Let us know how you get on with that.
Mavic mini. And I'm assuming it was set with the default rth when disconnected from the dji app. Also, the last location the dji app has lived is the location where I changed over to dronelink since I have to close and exit the dji so I'm order to use droneljnk. I changed the setting to continuously update the home point as it followed as well.
If you did a constant home point update then the home point will be the last update point; it will not be the takeoff location. The text log file on your phone (device) would give you the last connected location. That would be the best place to start looking, using the DJI app location finder.
Was there a reason to constantly update the home point enroute?
You can get the flight logs as described here:
https://support.dronelink.com/hc/en-us/articles/360052025254-Does-Dronelink-generate-flight-logs-
Jim beat me to it. Download the flight logs. The good news is that the Mavic Mini doesn't have onboard components so it won't have continued with the mission after it was disconnected. That means it either hovered in place or RTH, depending on your settings.
You can then either look in the last place or try to estimate where it might be between where it disconnected, and where the home point would be.
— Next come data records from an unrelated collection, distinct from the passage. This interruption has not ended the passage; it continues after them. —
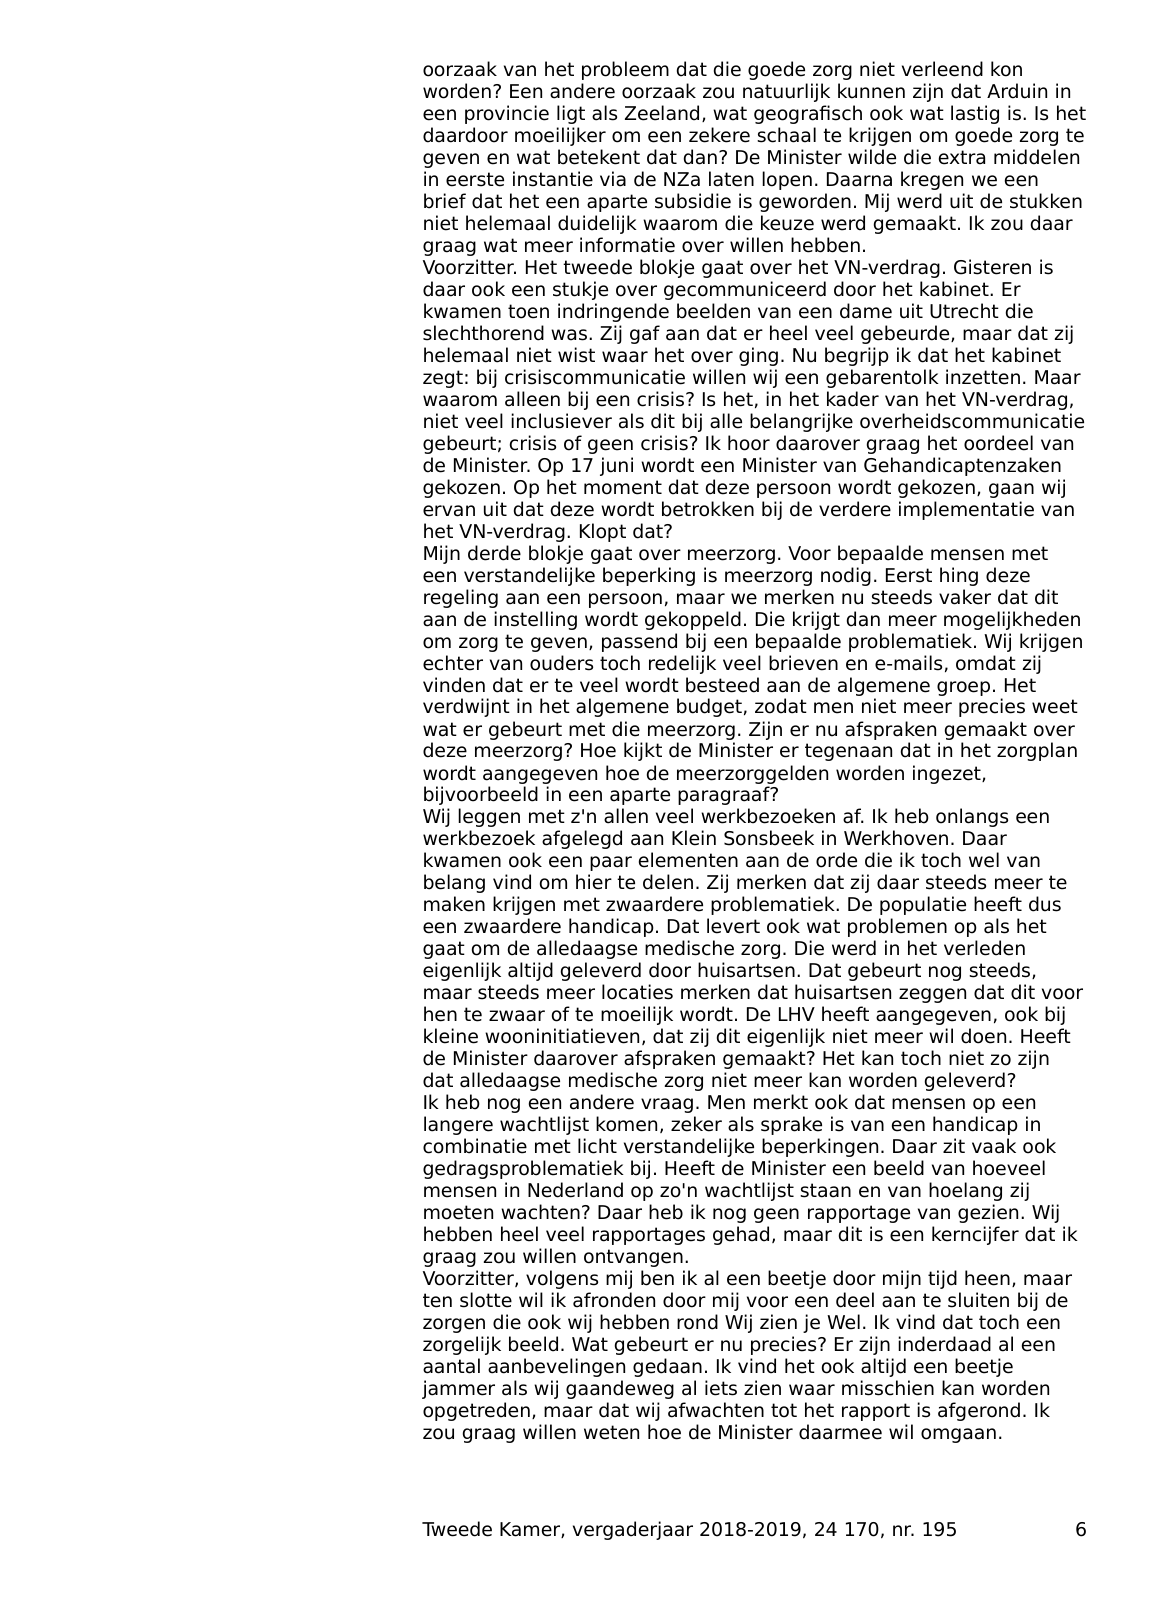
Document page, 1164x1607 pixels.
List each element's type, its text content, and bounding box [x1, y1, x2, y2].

text Voorzitter. Het tweede blokje gaat over het VN-verdrag. Gisteren is daar ook een stukje over gecommuniceerd door het kabinet. Er kwamen toen indringende beelden van een dame uit Utrecht die slechthorend was. Zij gaf aan dat er heel veel gebeurde, maar dat zij helemaal niet wist waar het over ging. Nu begrijp ik dat het kabinet zegt: bij crisiscommunicatie willen wij een gebarentolk inzetten. Maar waarom alleen bij een crisis? Is het, in het kader van het VN-verdrag, niet veel inclusiever als dit bij alle belangrijke overheidscommunicatie gebeurt; crisis of geen crisis? Ik hoor daarover graag het oordeel van de Minister. Op 17 juni wordt een Minister van Gehandicaptenzaken gekozen. Op het moment dat deze persoon wordt gekozen, gaan wij ervan uit dat deze wordt betrokken bij de verdere implementatie van het VN-verdrag. Klopt dat? [422, 257, 1087, 543]
text Ik heb nog een andere vraag. Men merkt ook dat mensen op een langere wachtlijst komen, zeker als sprake is van een handicap in combinatie met licht verstandelijke beperkingen. Daar zit vaak ook gedragsproblematiek bij. Heeft de Minister een beeld van hoeveel mensen in Nederland op zo'n wachtlijst staan en van hoelang zij moeten wachten? Daar heb ik nog geen rapportage van gezien. Wij hebben heel veel rapportages gehad, maar dit is een kerncijfer dat ik graag zou willen ontvangen. [422, 1092, 1087, 1268]
text Mijn derde blokje gaat over meerzorg. Voor bepaalde mensen met een verstandelijke beperking is meerzorg nodig. Eerst hing deze regeling aan een persoon, maar we merken nu steeds vaker dat dit aan de instelling wordt gekoppeld. Die krijgt dan meer mogelijkheden om zorg te geven, passend bij een bepaalde problematiek. Wij krijgen echter van ouders toch redelijk veel brieven en e-mails, omdat zij vinden dat er te veel wordt besteed aan de algemene groep. Het verdwijnt in het algemene budget, zodat men niet meer precies weet wat er gebeurt met die meerzorg. Zijn er nu afspraken gemaakt over deze meerzorg? Hoe kijkt de Minister er tegenaan dat in het zorgplan wordt aangegeven hoe de meerzorggelden worden ingezet, bijvoorbeeld in een aparte paragraaf? [422, 543, 1087, 806]
text Voorzitter, volgens mij ben ik al een beetje door mijn tijd heen, maar ten slotte wil ik afronden door mij voor een deel aan te sluiten bij de zorgen die ook wij hebben rond Wij zien je Wel. Ik vind dat toch een zorgelijk beeld. Wat gebeurt er nu precies? Er zijn inderdaad al een aantal aanbevelingen gedaan. Ik vind het ook altijd een beetje jammer als wij gaandeweg al iets zien waar misschien kan worden opgetreden, maar dat wij afwachten tot het rapport is afgerond. Ik zou graag willen weten hoe de Minister daarmee wil omgaan. [422, 1268, 1087, 1444]
text oorzaak van het probleem dat die goede zorg niet verleend kon worden? Een andere oorzaak zou natuurlijk kunnen zijn dat Arduin in een provincie ligt als Zeeland, wat geografisch ook wat lastig is. Is het daardoor moeilijker om een zekere schaal te krijgen om goede zorg te geven en wat betekent dat dan? De Minister wilde die extra middelen in eerste instantie via de NZa laten lopen. Daarna kregen we een brief dat het een aparte subsidie is geworden. Mij werd uit de stukken niet helemaal duidelijk waarom die keuze werd gemaakt. Ik zou daar graag wat meer informatie over willen hebben. [422, 59, 1087, 257]
text Wij leggen met z'n allen veel werkbezoeken af. Ik heb onlangs een werkbezoek afgelegd aan Klein Sonsbeek in Werkhoven. Daar kwamen ook een paar elementen aan de orde die ik toch wel van belang vind om hier te delen. Zij merken dat zij daar steeds meer te maken krijgen met zwaardere problematiek. De populatie heeft dus een zwaardere handicap. Dat levert ook wat problemen op als het gaat om de alledaagse medische zorg. Die werd in het verleden eigenlijk altijd geleverd door huisartsen. Dat gebeurt nog steeds, maar steeds meer locaties merken dat huisartsen zeggen dat dit voor hen te zwaar of te moeilijk wordt. De LHV heeft aangegeven, ook bij kleine wooninitiatieven, dat zij dit eigenlijk niet meer wil doen. Heeft de Minister daarover afspraken gemaakt? Het kan toch niet zo zijn dat alledaagse medische zorg niet meer kan worden geleverd? [422, 806, 1087, 1092]

If the RTH altitude was low (mine is usually set to at least 290ft) then look for tall trees in that path.
I would still try to get back to the location ASAP and drive around to see if you can get a connection - it might happen and, if it does, you will know exactly where it is.
Since the controler died good chance it did not record the last known location, since if the controller is dead no logging.
If you set up dronelink on a free Airtdata account you might get a hint, because Airdata will show you a map of the flight.